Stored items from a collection
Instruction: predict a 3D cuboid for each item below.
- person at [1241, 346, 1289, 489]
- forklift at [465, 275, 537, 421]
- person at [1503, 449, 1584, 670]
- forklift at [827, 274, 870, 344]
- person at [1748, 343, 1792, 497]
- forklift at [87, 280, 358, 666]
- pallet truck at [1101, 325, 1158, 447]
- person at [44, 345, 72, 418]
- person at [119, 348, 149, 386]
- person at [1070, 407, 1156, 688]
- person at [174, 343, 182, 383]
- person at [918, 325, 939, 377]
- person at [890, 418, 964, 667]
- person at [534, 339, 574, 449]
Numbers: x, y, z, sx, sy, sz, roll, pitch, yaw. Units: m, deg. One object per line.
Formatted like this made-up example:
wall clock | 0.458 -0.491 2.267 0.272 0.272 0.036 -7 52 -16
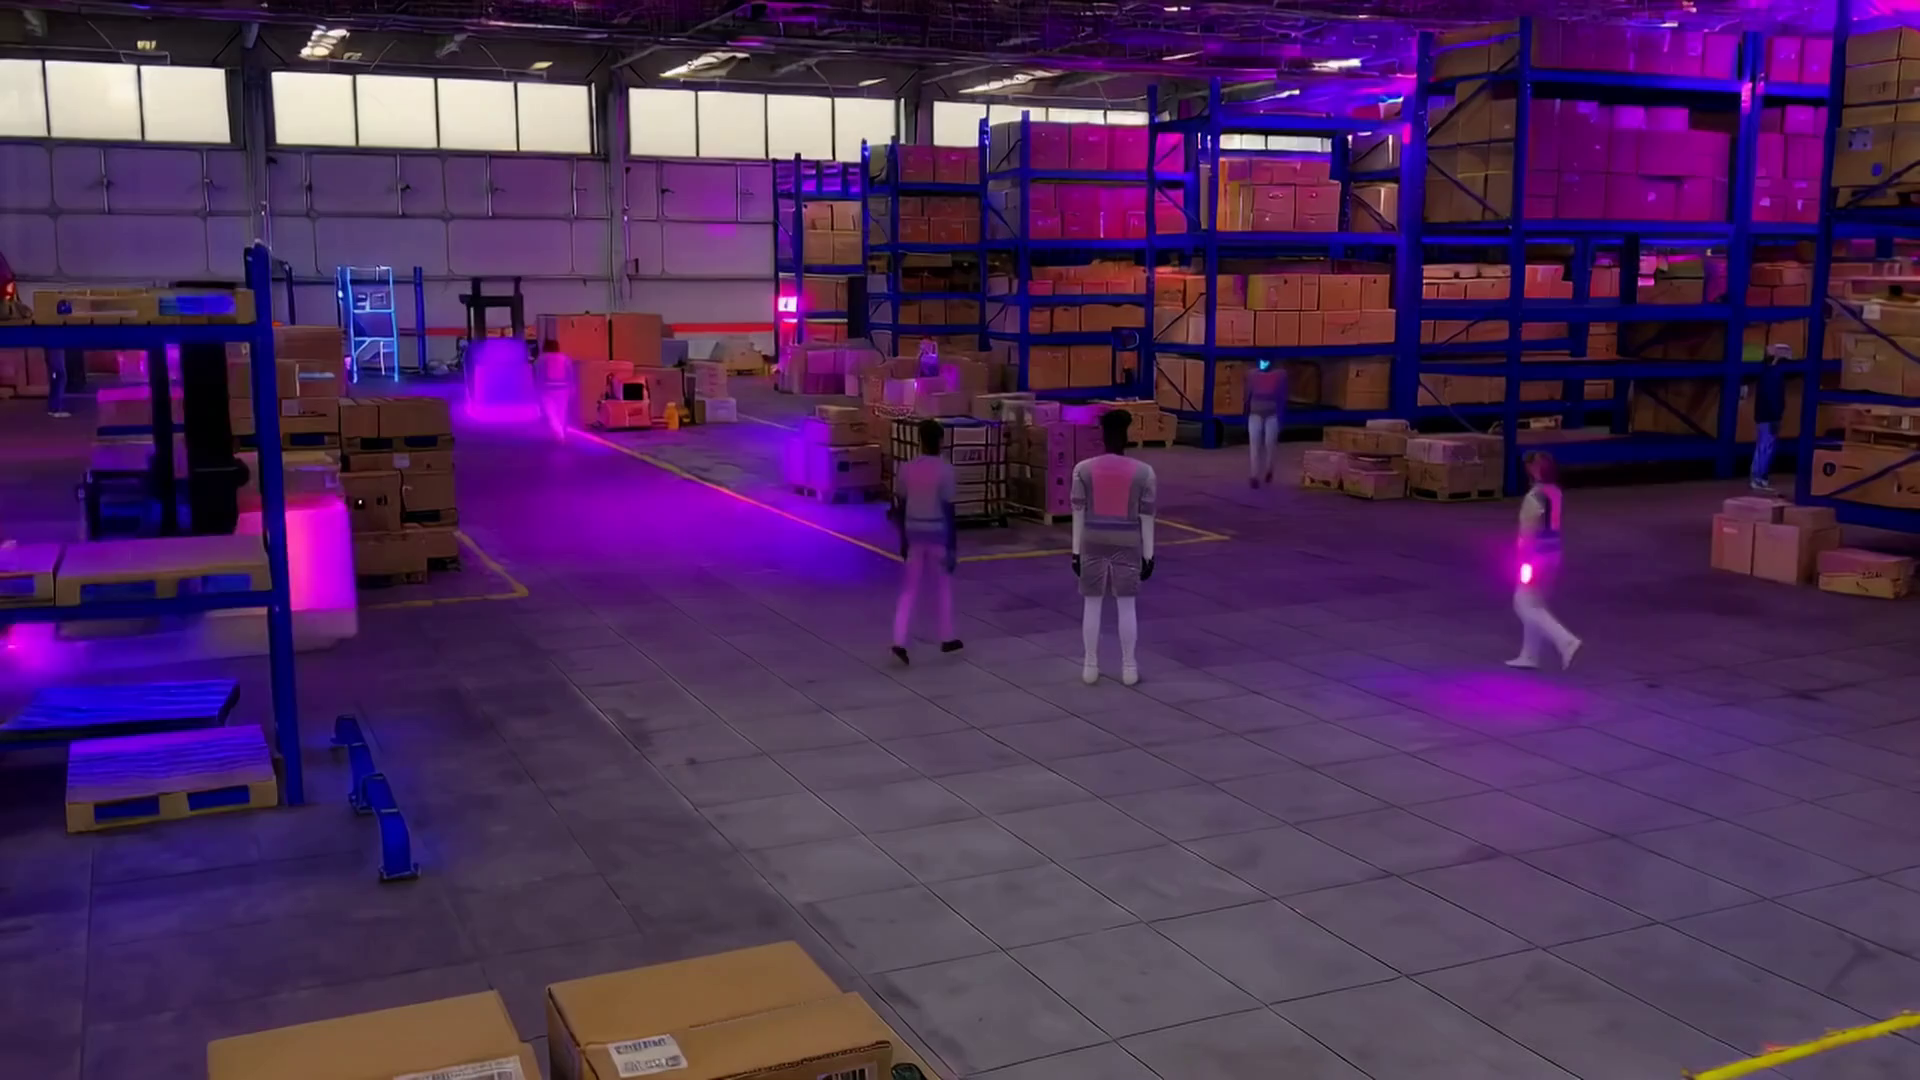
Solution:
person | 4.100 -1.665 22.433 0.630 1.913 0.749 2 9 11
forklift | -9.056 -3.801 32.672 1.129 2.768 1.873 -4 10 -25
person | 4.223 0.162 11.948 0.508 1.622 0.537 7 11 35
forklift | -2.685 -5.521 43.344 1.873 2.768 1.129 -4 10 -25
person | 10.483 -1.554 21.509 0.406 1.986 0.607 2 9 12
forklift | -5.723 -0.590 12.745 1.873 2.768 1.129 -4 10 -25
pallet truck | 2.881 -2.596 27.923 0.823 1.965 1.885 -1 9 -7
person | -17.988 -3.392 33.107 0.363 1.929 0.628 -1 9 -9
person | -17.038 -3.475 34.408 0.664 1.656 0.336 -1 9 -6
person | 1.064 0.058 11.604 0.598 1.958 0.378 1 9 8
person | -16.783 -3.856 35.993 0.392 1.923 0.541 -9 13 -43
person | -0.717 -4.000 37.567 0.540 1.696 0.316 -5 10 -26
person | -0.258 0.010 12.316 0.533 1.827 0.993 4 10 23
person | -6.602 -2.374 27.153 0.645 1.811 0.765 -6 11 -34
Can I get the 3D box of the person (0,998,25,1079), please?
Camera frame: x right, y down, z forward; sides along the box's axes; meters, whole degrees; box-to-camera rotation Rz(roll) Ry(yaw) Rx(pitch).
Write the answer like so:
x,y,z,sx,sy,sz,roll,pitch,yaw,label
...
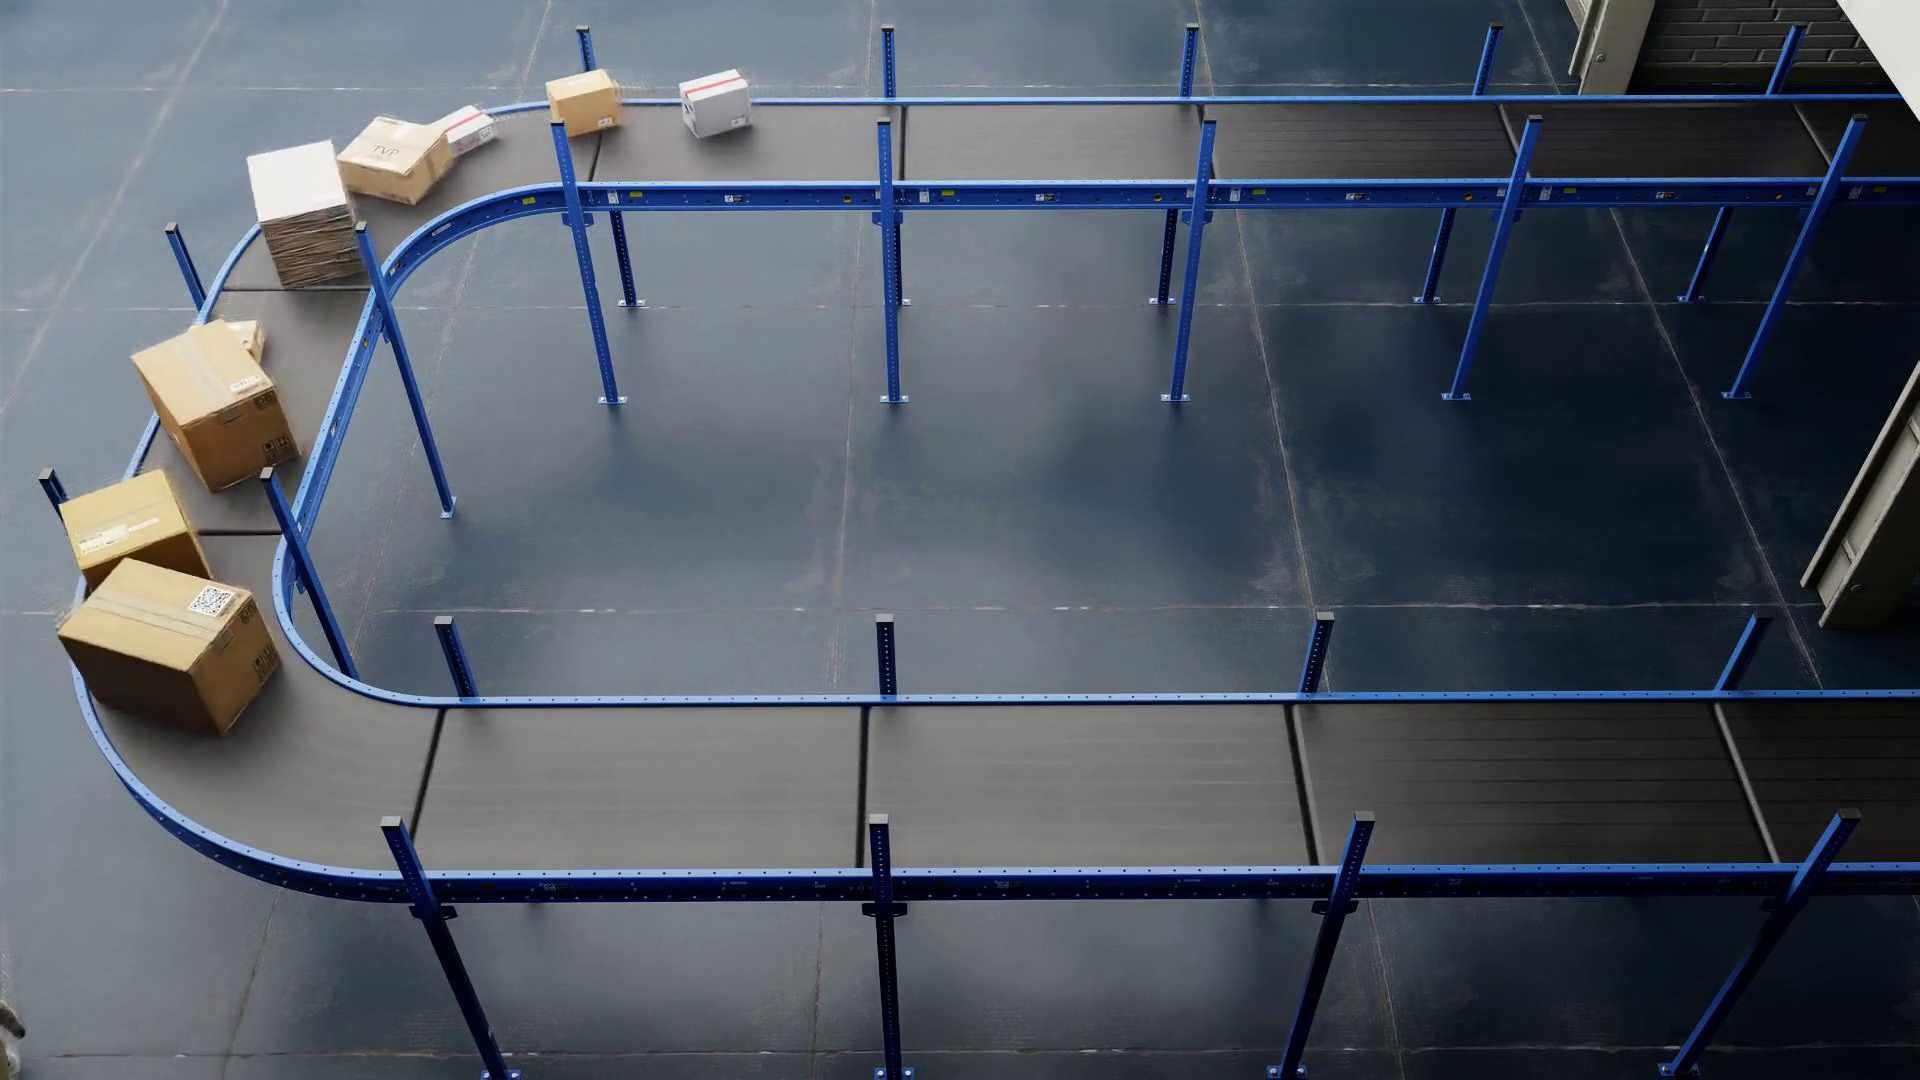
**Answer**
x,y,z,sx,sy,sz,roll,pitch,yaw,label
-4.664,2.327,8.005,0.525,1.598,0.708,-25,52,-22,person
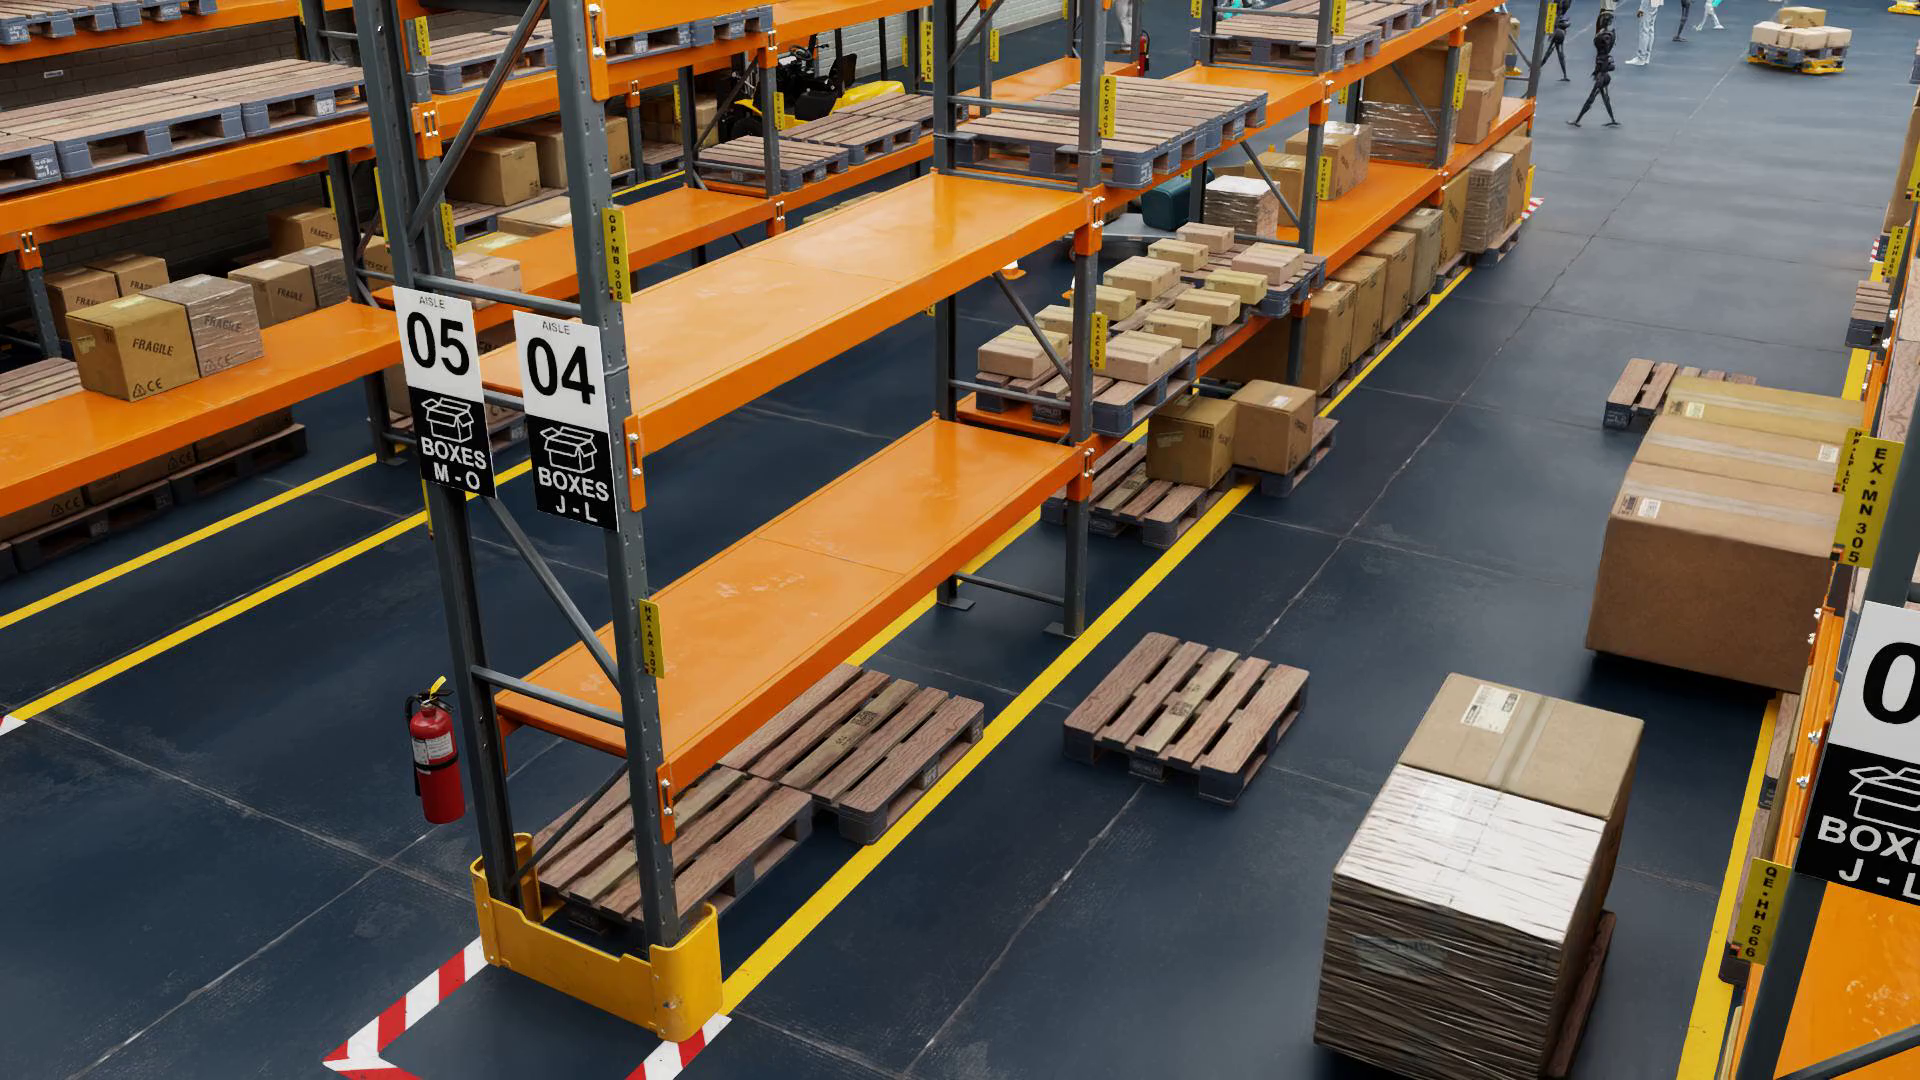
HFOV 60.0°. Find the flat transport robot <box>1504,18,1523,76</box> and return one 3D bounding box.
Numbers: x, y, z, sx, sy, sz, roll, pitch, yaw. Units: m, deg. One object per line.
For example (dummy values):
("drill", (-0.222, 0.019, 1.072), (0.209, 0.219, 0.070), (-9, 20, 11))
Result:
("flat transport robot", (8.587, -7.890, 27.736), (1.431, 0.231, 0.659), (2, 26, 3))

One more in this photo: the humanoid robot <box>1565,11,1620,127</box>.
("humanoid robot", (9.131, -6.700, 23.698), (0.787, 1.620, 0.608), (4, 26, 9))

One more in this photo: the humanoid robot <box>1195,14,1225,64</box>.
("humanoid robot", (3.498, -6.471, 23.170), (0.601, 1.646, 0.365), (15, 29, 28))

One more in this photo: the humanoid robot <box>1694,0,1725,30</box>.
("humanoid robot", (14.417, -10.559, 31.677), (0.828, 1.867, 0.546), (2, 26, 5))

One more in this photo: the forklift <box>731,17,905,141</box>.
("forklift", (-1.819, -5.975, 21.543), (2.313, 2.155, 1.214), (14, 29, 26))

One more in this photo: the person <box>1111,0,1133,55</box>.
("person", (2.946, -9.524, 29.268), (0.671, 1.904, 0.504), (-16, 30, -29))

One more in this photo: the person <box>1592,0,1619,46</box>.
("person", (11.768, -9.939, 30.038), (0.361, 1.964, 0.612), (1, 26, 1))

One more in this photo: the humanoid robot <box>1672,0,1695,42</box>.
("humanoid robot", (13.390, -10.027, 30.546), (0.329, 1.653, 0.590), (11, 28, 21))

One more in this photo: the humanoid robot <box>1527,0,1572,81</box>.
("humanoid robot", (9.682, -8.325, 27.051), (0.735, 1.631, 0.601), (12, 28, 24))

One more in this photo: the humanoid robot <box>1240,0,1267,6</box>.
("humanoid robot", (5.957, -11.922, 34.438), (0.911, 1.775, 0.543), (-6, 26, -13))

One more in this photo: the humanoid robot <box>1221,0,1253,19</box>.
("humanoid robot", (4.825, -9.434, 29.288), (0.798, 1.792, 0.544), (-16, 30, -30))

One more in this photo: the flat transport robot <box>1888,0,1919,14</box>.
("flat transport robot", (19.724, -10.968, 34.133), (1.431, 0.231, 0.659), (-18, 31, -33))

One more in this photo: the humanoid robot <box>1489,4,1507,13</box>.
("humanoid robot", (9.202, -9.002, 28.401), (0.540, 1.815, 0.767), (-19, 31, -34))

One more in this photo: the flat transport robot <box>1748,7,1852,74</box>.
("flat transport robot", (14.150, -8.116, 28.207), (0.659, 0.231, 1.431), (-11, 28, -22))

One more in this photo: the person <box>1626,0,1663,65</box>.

YOUR INSTRUCTIONS =>
All of the data should come back exactly as written, but without pictures.

YOUR SOLUTION =>
Instruction: predict a 3D cuboid for each item below.
- person at [1241, 346, 1289, 489]
- forklift at [465, 275, 537, 421]
- person at [1503, 449, 1584, 670]
- forklift at [827, 274, 870, 344]
- person at [1748, 343, 1792, 497]
- forklift at [87, 280, 358, 666]
- pallet truck at [1101, 325, 1158, 447]
- person at [44, 345, 72, 418]
- person at [119, 348, 149, 386]
- person at [1070, 407, 1156, 688]
- person at [174, 343, 182, 383]
- person at [918, 325, 939, 377]
- person at [890, 418, 964, 667]
- person at [534, 339, 574, 449]
Numbers: x, y, z, sx, sy, sz, roll, pitch, yaw. Units: m, deg. One object per line.
Formatted like this made-up example:
wall clock | 0.458 -0.491 2.267 0.272 0.272 0.036 -7 52 -16
Solution:
person | 4.100 -1.665 22.433 0.630 1.913 0.749 2 9 11
forklift | -9.056 -3.801 32.672 1.129 2.768 1.873 -4 10 -25
person | 4.223 0.162 11.948 0.508 1.622 0.537 7 11 35
forklift | -2.685 -5.521 43.344 1.873 2.768 1.129 -4 10 -25
person | 10.483 -1.554 21.509 0.406 1.986 0.607 2 9 12
forklift | -5.723 -0.590 12.745 1.873 2.768 1.129 -4 10 -25
pallet truck | 2.881 -2.596 27.923 0.823 1.965 1.885 -1 9 -7
person | -17.988 -3.392 33.107 0.363 1.929 0.628 -1 9 -9
person | -17.038 -3.475 34.408 0.664 1.656 0.336 -1 9 -6
person | 1.064 0.058 11.604 0.598 1.958 0.378 1 9 8
person | -16.783 -3.856 35.993 0.392 1.923 0.541 -9 13 -43
person | -0.717 -4.000 37.567 0.540 1.696 0.316 -5 10 -26
person | -0.258 0.010 12.316 0.533 1.827 0.993 4 10 23
person | -6.602 -2.374 27.153 0.645 1.811 0.765 -6 11 -34
Can I get the 3D box of the person (0,998,25,1079), please?
Camera frame: x right, y down, z forward; sides along the box's axes; meters, whole degrees; box-to-camera rotation Rz(roll) Ry(yaw) Rx(pitch).
Write the answer like so:
x,y,z,sx,sy,sz,roll,pitch,yaw,label
...
**Answer**
x,y,z,sx,sy,sz,roll,pitch,yaw,label
-4.664,2.327,8.005,0.525,1.598,0.708,-25,52,-22,person
HFOV 60.0°. Find the flat transport robot <box>1504,18,1523,76</box> and return one 3D bounding box.
Numbers: x, y, z, sx, sy, sz, roll, pitch, yaw. Units: m, deg. One object per line.
For example (dummy values):
("drill", (-0.222, 0.019, 1.072), (0.209, 0.219, 0.070), (-9, 20, 11))
Result:
("flat transport robot", (8.587, -7.890, 27.736), (1.431, 0.231, 0.659), (2, 26, 3))

One more in this photo: the humanoid robot <box>1565,11,1620,127</box>.
("humanoid robot", (9.131, -6.700, 23.698), (0.787, 1.620, 0.608), (4, 26, 9))

One more in this photo: the humanoid robot <box>1195,14,1225,64</box>.
("humanoid robot", (3.498, -6.471, 23.170), (0.601, 1.646, 0.365), (15, 29, 28))

One more in this photo: the humanoid robot <box>1694,0,1725,30</box>.
("humanoid robot", (14.417, -10.559, 31.677), (0.828, 1.867, 0.546), (2, 26, 5))

One more in this photo: the forklift <box>731,17,905,141</box>.
("forklift", (-1.819, -5.975, 21.543), (2.313, 2.155, 1.214), (14, 29, 26))

One more in this photo: the person <box>1111,0,1133,55</box>.
("person", (2.946, -9.524, 29.268), (0.671, 1.904, 0.504), (-16, 30, -29))

One more in this photo: the person <box>1592,0,1619,46</box>.
("person", (11.768, -9.939, 30.038), (0.361, 1.964, 0.612), (1, 26, 1))

One more in this photo: the humanoid robot <box>1672,0,1695,42</box>.
("humanoid robot", (13.390, -10.027, 30.546), (0.329, 1.653, 0.590), (11, 28, 21))

One more in this photo: the humanoid robot <box>1527,0,1572,81</box>.
("humanoid robot", (9.682, -8.325, 27.051), (0.735, 1.631, 0.601), (12, 28, 24))

One more in this photo: the humanoid robot <box>1240,0,1267,6</box>.
("humanoid robot", (5.957, -11.922, 34.438), (0.911, 1.775, 0.543), (-6, 26, -13))

One more in this photo: the humanoid robot <box>1221,0,1253,19</box>.
("humanoid robot", (4.825, -9.434, 29.288), (0.798, 1.792, 0.544), (-16, 30, -30))

One more in this photo: the flat transport robot <box>1888,0,1919,14</box>.
("flat transport robot", (19.724, -10.968, 34.133), (1.431, 0.231, 0.659), (-18, 31, -33))

One more in this photo: the humanoid robot <box>1489,4,1507,13</box>.
("humanoid robot", (9.202, -9.002, 28.401), (0.540, 1.815, 0.767), (-19, 31, -34))

One more in this photo: the flat transport robot <box>1748,7,1852,74</box>.
("flat transport robot", (14.150, -8.116, 28.207), (0.659, 0.231, 1.431), (-11, 28, -22))

One more in this photo: the person <box>1626,0,1663,65</box>.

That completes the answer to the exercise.